If you discovered a device driver was malfunctioning and published a fix, you might assume the manufacturer of the product would be grateful. In very public fashion though, Creative Labs in the last few weeks has made it loud and clear that users who tinker with their drivers risk being shouted down. As far as Creative is concerned, it's not for you the user to decide how badly your Sound Blaster card will or will not function.
As he described in an e-mail to Wired.com, user Daniel Kawakami was angry when he discovered that Sound Blaster X-Fi soundcards -- advertised as being Vista-compatible -- actually had many features deliberately turned off. "Creative purposely modified the Audigy drivers to disable some features when Vista is detected and also purposely introduced some bugs to prevent some XP utilities from running," he wrote. "I did a complete analysis of the driver to determine where all the checks and bugs were introduced and started modding."
Kawakami began posting his modified drivers on Creative's forums, much to the delight of other Sound Blaster customers who had thought Vista drivers were just buggy. But Creative Lab was not nearly so happy, sending him a stern warning to cease and desist:
"We are aware that you have been assisting owners of our Creative sound cards for some time now, by providing unofficial driver packages for Vista that deliver more of the original functionality that was found in the equivalent XP packages for those sound cards," a Creative Labs VP wrote Kawakami. "In principle we don't have a problem with you helping users in this way, so long as they understand that any driver packages you supply are not supported by Creative. Where we do have a problem is when technology and IP owned by Creative or other companies that Creative has licensed from, are made to run on other products for which they are not intended. We took action to remove your thread because, like you, Creative and its technology partners think it is only fair to be compensated for goods and services. The difference in this case is that we own the rights to the materials that you are distributing. By enabling our technology and IP to run on sound cards for which it was not originally offered or intended, you are in effect, stealing our goods. When you solicit donations for providing packages like this, you are profiting from something that you do not own. If we choose to develop and provide host-based processing features with certain sound cards and not others, that is a business decision that only we have the right to make."
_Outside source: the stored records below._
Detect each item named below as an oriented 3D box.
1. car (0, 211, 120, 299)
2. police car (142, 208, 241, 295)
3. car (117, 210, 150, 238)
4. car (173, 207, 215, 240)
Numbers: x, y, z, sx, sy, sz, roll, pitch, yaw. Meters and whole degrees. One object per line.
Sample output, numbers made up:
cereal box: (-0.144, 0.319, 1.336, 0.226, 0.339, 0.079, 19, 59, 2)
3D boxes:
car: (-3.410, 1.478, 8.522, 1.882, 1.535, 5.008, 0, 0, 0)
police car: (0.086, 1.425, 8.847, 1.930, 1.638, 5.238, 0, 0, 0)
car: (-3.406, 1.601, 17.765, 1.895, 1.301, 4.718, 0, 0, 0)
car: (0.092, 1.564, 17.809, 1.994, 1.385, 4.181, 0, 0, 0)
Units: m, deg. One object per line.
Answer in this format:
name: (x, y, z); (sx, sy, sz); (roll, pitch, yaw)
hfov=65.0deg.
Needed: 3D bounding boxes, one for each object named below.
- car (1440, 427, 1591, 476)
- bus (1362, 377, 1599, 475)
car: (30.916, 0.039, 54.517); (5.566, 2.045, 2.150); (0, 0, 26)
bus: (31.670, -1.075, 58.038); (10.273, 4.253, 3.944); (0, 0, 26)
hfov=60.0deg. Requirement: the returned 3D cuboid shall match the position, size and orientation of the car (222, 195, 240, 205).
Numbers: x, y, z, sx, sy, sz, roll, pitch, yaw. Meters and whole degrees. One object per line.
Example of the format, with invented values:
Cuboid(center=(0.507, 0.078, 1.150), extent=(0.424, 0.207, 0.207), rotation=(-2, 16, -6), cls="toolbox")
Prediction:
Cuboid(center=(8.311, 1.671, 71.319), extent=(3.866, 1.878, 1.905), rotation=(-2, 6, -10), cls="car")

Not surprisingly, users on the Creative forums went nuts when they saw this. Why would a company intentionally withhold features - features that were actually there and worked under XP? The only reason anybody could see was that Creative must be planning to charge extra for access to those features in the future.
As the outrage mounted, Creative backpedaled somewhat. "Creative's message posted on our behalf by our Company spokesperson tried to address our concern about the improper distribution of certain software which is the property of other companies," another Creative spokesperson posted in their forums last week. "However, we did not make it as clear as we would have liked that we do support driver development by independent third parties ... Outside developers have been very helpful to Creative and our customers by developing updates for many of our Sound Blaster products, and we do support and appreciate these efforts. This however does not extend to the unauthorized distribution of other companies' property."
This semi-apology seems to have been Creative's last word on the subject, and it totally ignored the issue of why Creative had crippled its soundcards' functionality under Vista in the first place. Some observers have said that, however questionable its motives, Creative is within its rights to withhold whichever features it wants. After all, they are hardly the first (remember Roxio, for example) to get creative with their definition of what Vista compatibility means. And, since their driver software apparently comes with the standard EULA prohibitions against reverse engineering, they have the right to keep Kawakami or anyone else from fixing their broken software.
But I think those points are at least open to debate. While it is sadly true that a few of our courts have upheld reverse engineering prohibitions in sneakwrap licenses, ultimately they will have to recognize that such clauses are intolerably anti-consumer and anti-competitive. (Kawakami himself is in Brazil, where for all we know the laws and courts may already be more sophisticated in this regard than they are here.) And does any company really have the right to prevent a customer from modifying a product to make it work as advertised, or prevent them from telling others how to do so?
What is not debatable is that Creative has irredeemably broken faith with its core customers. "So many if not most Sound Blaster customers have traditionally been audiophiles, technically savvy buyers willing to pay for a superior product," one reader wrote me. "When this kind of customer finds out that a vendor who they trusted was intentionally disabling the drives, and more importantly, not being honest about it, that trust in a premium vendor is forever broken."